NPA: Losses will hurt, but remaining employees are dedicated

Daniel Fabricant, PhD, NPA president and CEO, who lured Swift away from FDA, said her loss and that of Durkin is bound to hurt in the short term.

“I imagine that it is a critical loss to all of their core functions. Dr Swift is incredibly dynamic, with a tremendous breadth of knowledge and I’m sure the loss of Durkin has created a number of gaps at ODSP as well. However, FDA and all at ODSP swore an oath to the mission of the agency which is to promote and protect public health and the expectation is that they are fulfilling that oath every day, as it pertains to dietary supplements, independent of the circumstance,” he said.
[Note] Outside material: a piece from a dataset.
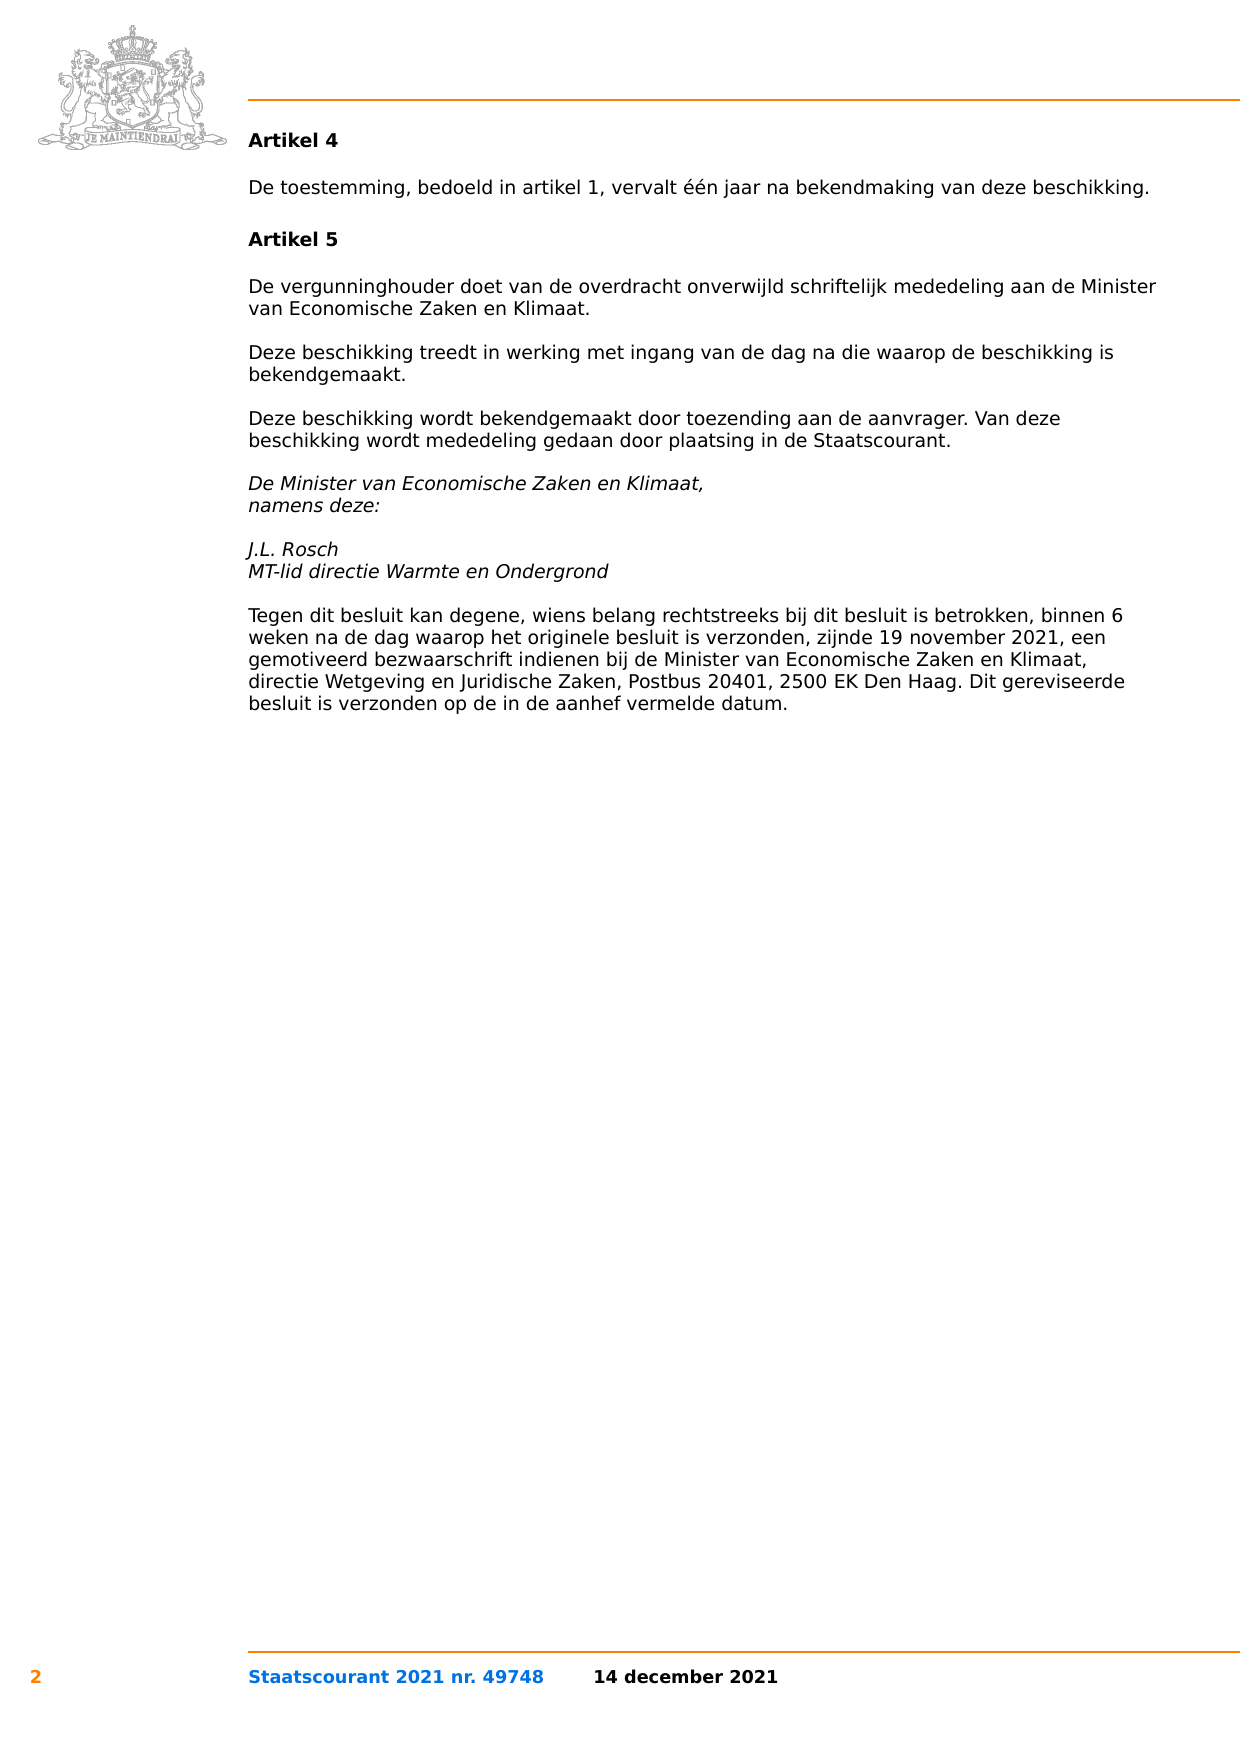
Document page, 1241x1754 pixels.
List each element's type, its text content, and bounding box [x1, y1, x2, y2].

“I think they are under significant pressure, however much of it is self-induced. Take away new regulatory (New Nutrition Facts) and statutory requirements (FSMA) and its all self-induced. Two big topics last year, that the agency had public meetings on, one around CBD and one around NDI have not yielded any action by the agency thus far. Don’t get me wrong, meetings are important still, there’s more focus at FDA on having a meeting or getting out an NDI guidance versus dealing with adulterated dietary supplement imports,” he said.

“Our members want to be able to say that FDA is getting the job done in a timely manner. Patience on many of the issues is the rate limiting step. Considering that NPA has such a history with the FDA, more so with the addition of Dr. Swift, we certainly believe in their ability to get the job done in accord with their mission and current authorities and we will do all we can to support that,” Fabricant added.